Benedict XVI: Of course. The purpose of the visit is precisely because I want to see again the places where I grew up, the people who touched and shaped my life. I want to thank these people.
Naturally I also want to express a message that goes beyond my country, just as my ministry calls me to do. I simply let the liturgical recurrences suggest the themes to me. The basic theme is that we have to rediscover God, not just any God, but the God that has a human face, because when we see Jesus Christ we see God.
Starting from this point we must find the way to meet each other in the family, among generations, and then among cultures and peoples as well. We must find the way to reconciliation and to peaceful coexistence in this world, the ways that lead to the future.
We won't find these ways leading to the future if we don't receive light from above. So I didn't choose very specific themes, but rather, it is the liturgy that leads me to express the basic message of faith which naturally finds its place in everyday reality where we want to search, above all, for cooperation among peoples and possible ways that can lead us to reconciliation and peace.
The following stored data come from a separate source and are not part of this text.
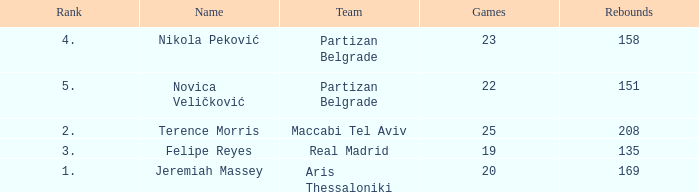What is the number of Games for Partizan Belgrade player Nikola Peković with a Rank of more than 4? None. Help me parse the entirety of this table. {'header': ['Rank', 'Name', 'Team', 'Games', 'Rebounds'], 'rows': [['4.', 'Nikola Peković', 'Partizan Belgrade', '23', '158'], ['5.', 'Novica Veličković', 'Partizan Belgrade', '22', '151'], ['2.', 'Terence Morris', 'Maccabi Tel Aviv', '25', '208'], ['3.', 'Felipe Reyes', 'Real Madrid', '19', '135'], ['1.', 'Jeremiah Massey', 'Aris Thessaloniki', '20', '169']]} 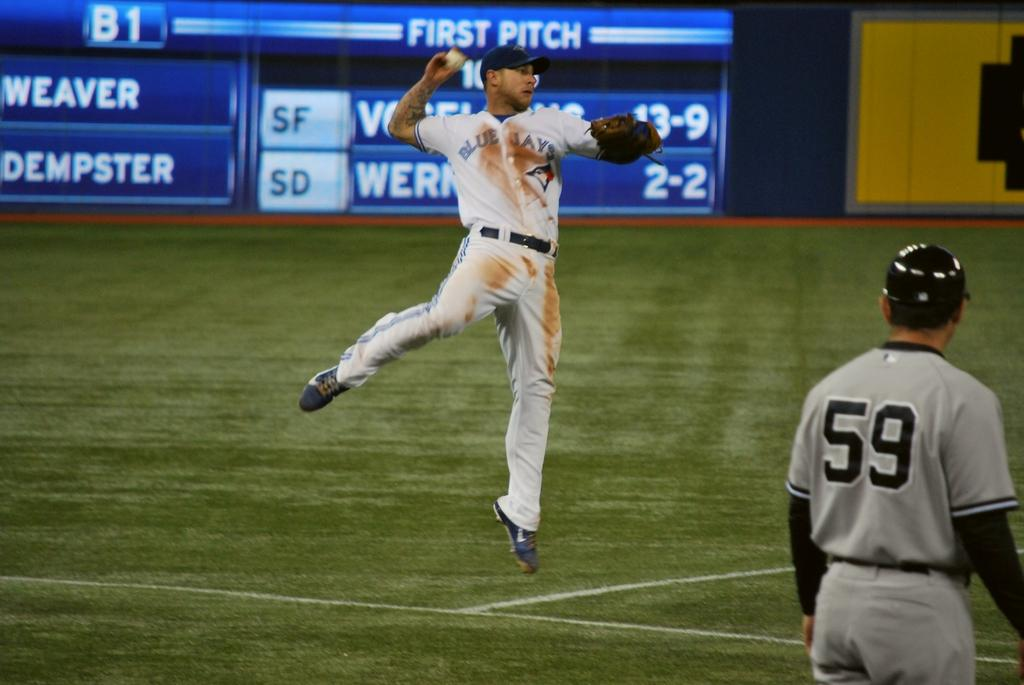Provide a one-sentence caption for the provided image. A baseball player on a field has a 59 on his jersey. 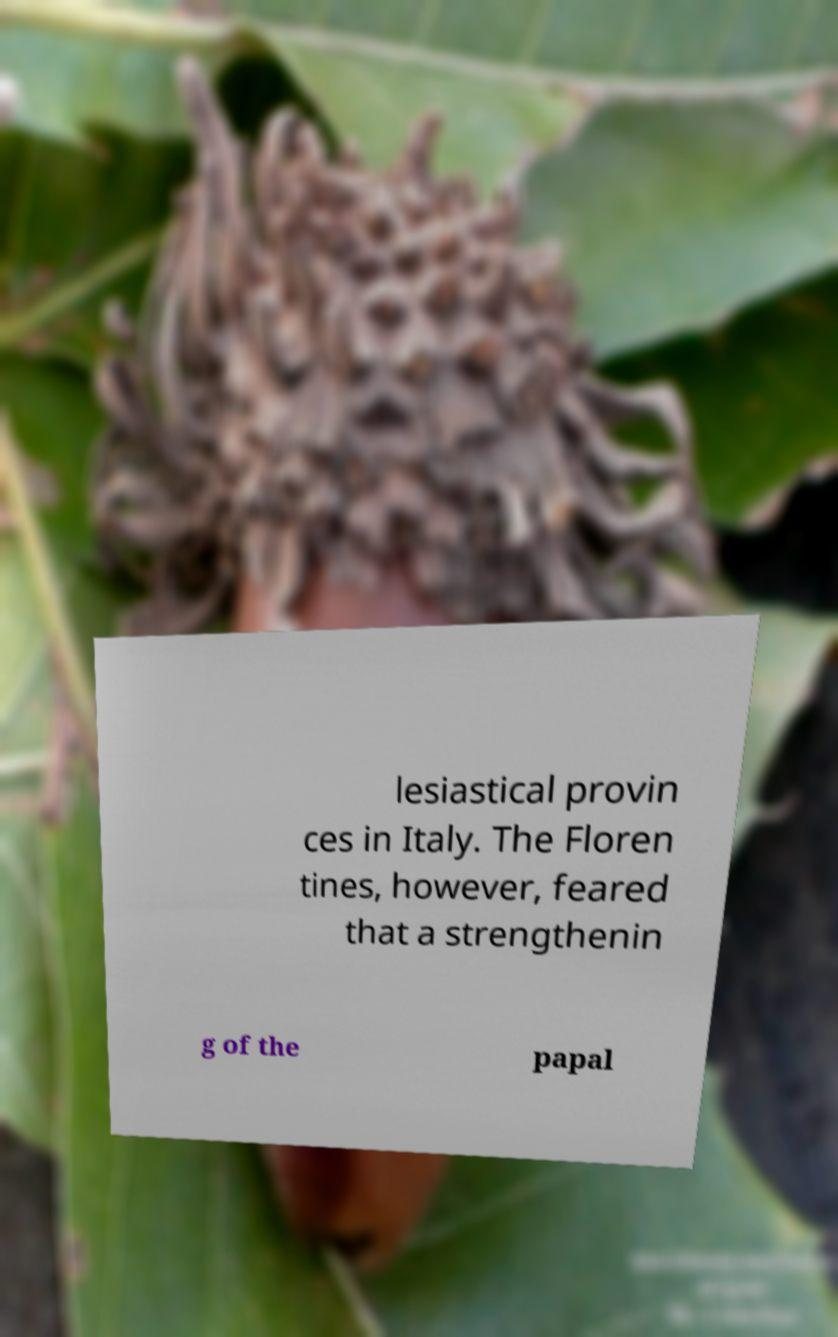Can you read and provide the text displayed in the image?This photo seems to have some interesting text. Can you extract and type it out for me? lesiastical provin ces in Italy. The Floren tines, however, feared that a strengthenin g of the papal 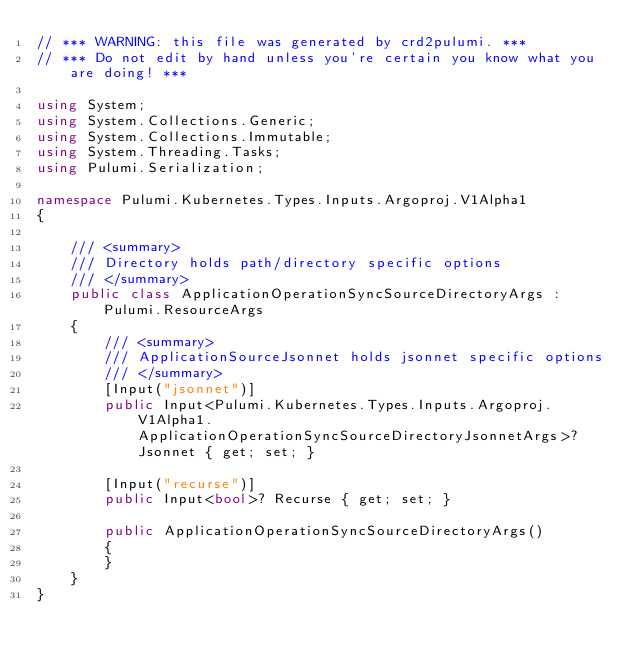Convert code to text. <code><loc_0><loc_0><loc_500><loc_500><_C#_>// *** WARNING: this file was generated by crd2pulumi. ***
// *** Do not edit by hand unless you're certain you know what you are doing! ***

using System;
using System.Collections.Generic;
using System.Collections.Immutable;
using System.Threading.Tasks;
using Pulumi.Serialization;

namespace Pulumi.Kubernetes.Types.Inputs.Argoproj.V1Alpha1
{

    /// <summary>
    /// Directory holds path/directory specific options
    /// </summary>
    public class ApplicationOperationSyncSourceDirectoryArgs : Pulumi.ResourceArgs
    {
        /// <summary>
        /// ApplicationSourceJsonnet holds jsonnet specific options
        /// </summary>
        [Input("jsonnet")]
        public Input<Pulumi.Kubernetes.Types.Inputs.Argoproj.V1Alpha1.ApplicationOperationSyncSourceDirectoryJsonnetArgs>? Jsonnet { get; set; }

        [Input("recurse")]
        public Input<bool>? Recurse { get; set; }

        public ApplicationOperationSyncSourceDirectoryArgs()
        {
        }
    }
}
</code> 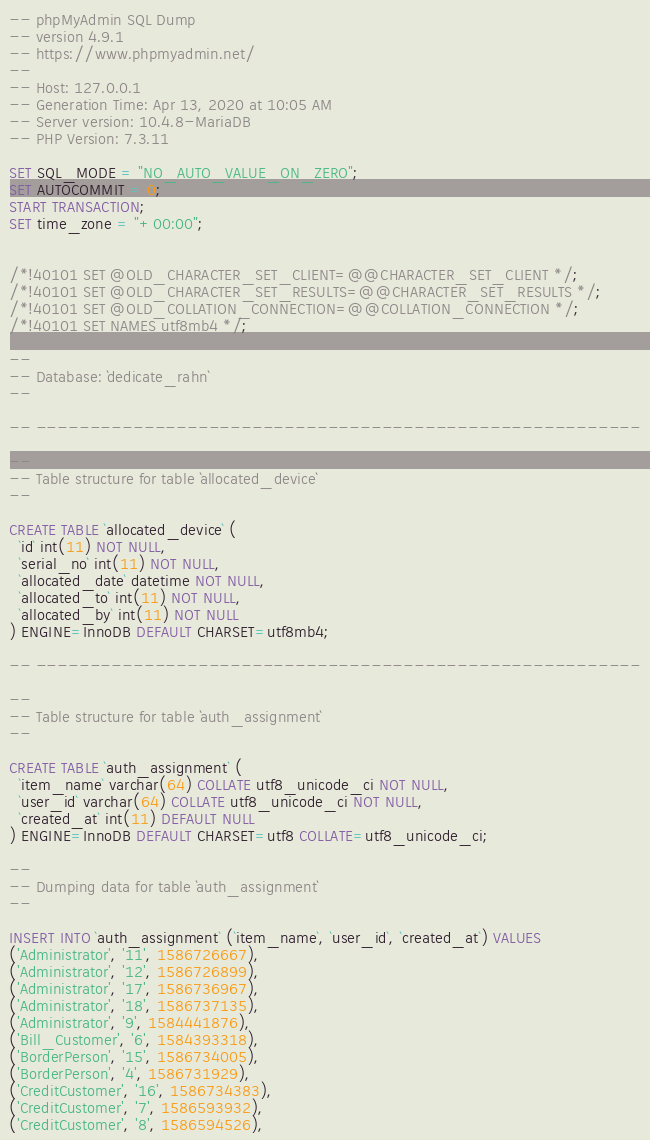<code> <loc_0><loc_0><loc_500><loc_500><_SQL_>-- phpMyAdmin SQL Dump
-- version 4.9.1
-- https://www.phpmyadmin.net/
--
-- Host: 127.0.0.1
-- Generation Time: Apr 13, 2020 at 10:05 AM
-- Server version: 10.4.8-MariaDB
-- PHP Version: 7.3.11

SET SQL_MODE = "NO_AUTO_VALUE_ON_ZERO";
SET AUTOCOMMIT = 0;
START TRANSACTION;
SET time_zone = "+00:00";


/*!40101 SET @OLD_CHARACTER_SET_CLIENT=@@CHARACTER_SET_CLIENT */;
/*!40101 SET @OLD_CHARACTER_SET_RESULTS=@@CHARACTER_SET_RESULTS */;
/*!40101 SET @OLD_COLLATION_CONNECTION=@@COLLATION_CONNECTION */;
/*!40101 SET NAMES utf8mb4 */;

--
-- Database: `dedicate_rahn`
--

-- --------------------------------------------------------

--
-- Table structure for table `allocated_device`
--

CREATE TABLE `allocated_device` (
  `id` int(11) NOT NULL,
  `serial_no` int(11) NOT NULL,
  `allocated_date` datetime NOT NULL,
  `allocated_to` int(11) NOT NULL,
  `allocated_by` int(11) NOT NULL
) ENGINE=InnoDB DEFAULT CHARSET=utf8mb4;

-- --------------------------------------------------------

--
-- Table structure for table `auth_assignment`
--

CREATE TABLE `auth_assignment` (
  `item_name` varchar(64) COLLATE utf8_unicode_ci NOT NULL,
  `user_id` varchar(64) COLLATE utf8_unicode_ci NOT NULL,
  `created_at` int(11) DEFAULT NULL
) ENGINE=InnoDB DEFAULT CHARSET=utf8 COLLATE=utf8_unicode_ci;

--
-- Dumping data for table `auth_assignment`
--

INSERT INTO `auth_assignment` (`item_name`, `user_id`, `created_at`) VALUES
('Administrator', '11', 1586726667),
('Administrator', '12', 1586726899),
('Administrator', '17', 1586736967),
('Administrator', '18', 1586737135),
('Administrator', '9', 1584441876),
('Bill_Customer', '6', 1584393318),
('BorderPerson', '15', 1586734005),
('BorderPerson', '4', 1586731929),
('CreditCustomer', '16', 1586734383),
('CreditCustomer', '7', 1586593932),
('CreditCustomer', '8', 1586594526),</code>

Q: As Pope you are responsible for the Church throughout the world. But, clearly, your visit focuses attention on the situation of Catholics in Germany as well. All observers say there's a positive atmosphere, partly thanks to your election as Pope. But, obviously, the old problems are still around. Just to quote a few examples: fewer churchgoers, fewer baptisms, and especially less Church influence on the life of society. How do you see the present situation of the Catholic Church in Germany?
Benedict XVI: I'd say, first of all, that Germany is part of the West, obviously with its own characteristics, and that in the Western world today we are experiencing a wave of new and drastic enlightenment or secularization, whatever you like to call it.
It's become more difficult to believe because the world in which we find ourselves is completely made up of ourselves, and God, so to speak, doesn't appear directly anymore. We don't drink from the source anymore, but from the vessel which is offered to us already full, and so on.
Humanity has rebuilt the world by itself and finding God inside this world has become more difficult. This is not specific to Germany: It's something that's valid throughout the world, especially in the West.
Then again, today the West is being strongly influenced by other cultures in which the original religious element is very powerful. These cultures are horrified when they experience the West's coldness toward God. This "presence of the sacred" in other cultures, even if often veiled, touches the Western world again, it touches us at the crossroads of so many cultures. The quest for "something bigger" wells up again from the depths of Western people and in Germany.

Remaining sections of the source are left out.